Systemic inflammatory status – a bridge between gestational weight gain and neonatal outcomes (STROBE-compliant article)

Abstract Pregnant women with excessive gestational weight gain express an inflammatory status with multiple negative effects on birth outcomes. The aim of this study was to identify the relationship between gestational weight gain at different gestational ages and inflammatory status in pregnant women and their newborns assessing both interleukin 6 and 8, as well as hepcidin in these couples. Our study included 170 pregnant women and their newborns. Pregnant women were clinically assessed at the end of the 1st trimester and at term, whereas the newborns were assessed over the first 3 days of life.
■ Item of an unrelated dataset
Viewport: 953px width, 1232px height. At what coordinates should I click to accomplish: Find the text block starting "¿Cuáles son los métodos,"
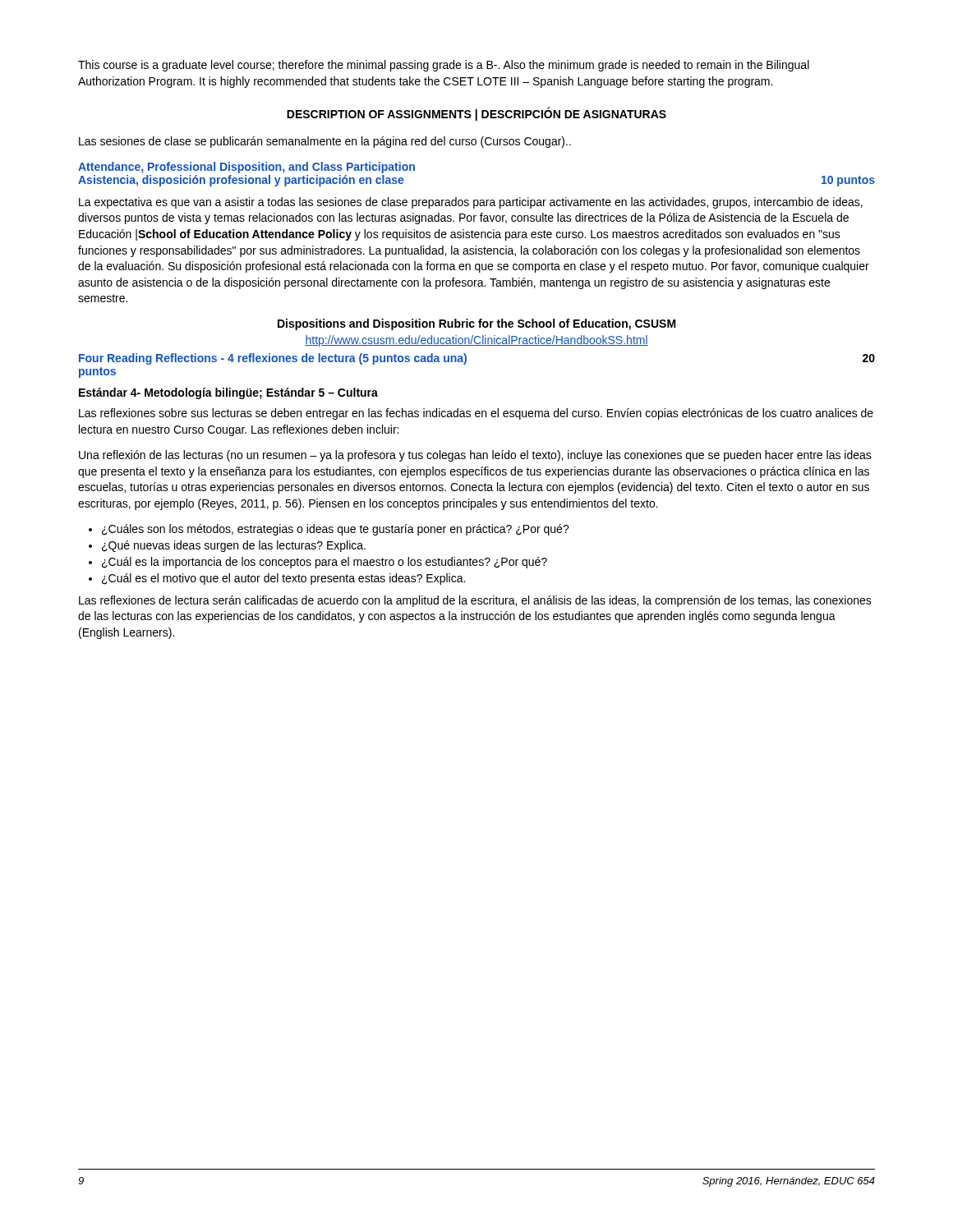click(x=488, y=529)
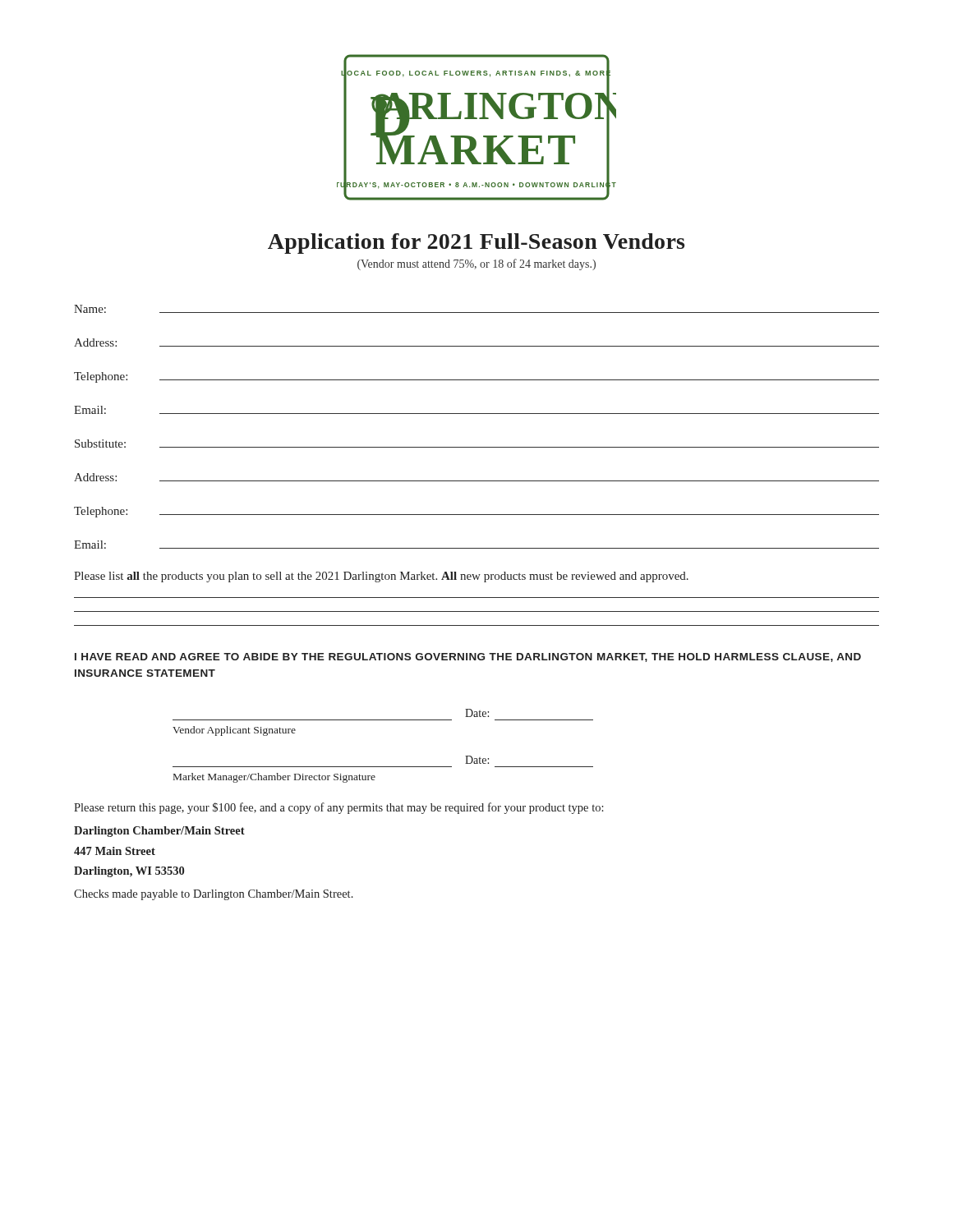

The levels of interleukin 6, 8 and hepcidin were measured in both pregnant women and their newborns. We noticed higher levels of interleukin 6, interleukin 8 and hepcidin in pregnant women at the time of delivery as compared to the end of the 1st trimester. We observed a direct significant correlation between gestational weight gain at the time of delivery and interleukin 8 in both mothers [r = 0.1834, 95% CI: 0.0293–0.3290, (P = .0167)] and newborns [r = 0.1790, 95% CI: 0.0248–0.3249, (P = .0195)]. Our study underlined that a higher gestational weight gain resulted in a significantly higher birth weight [r = 0.2190, 95% CI: 0.0663–0.3617, (P = .0041)]. Our findings suggest that interleukin 8 might be an important indicator of inflammatory status in both mothers and newborns. Moreover, excessive gestational weight gain was associated with an increase in birth weight.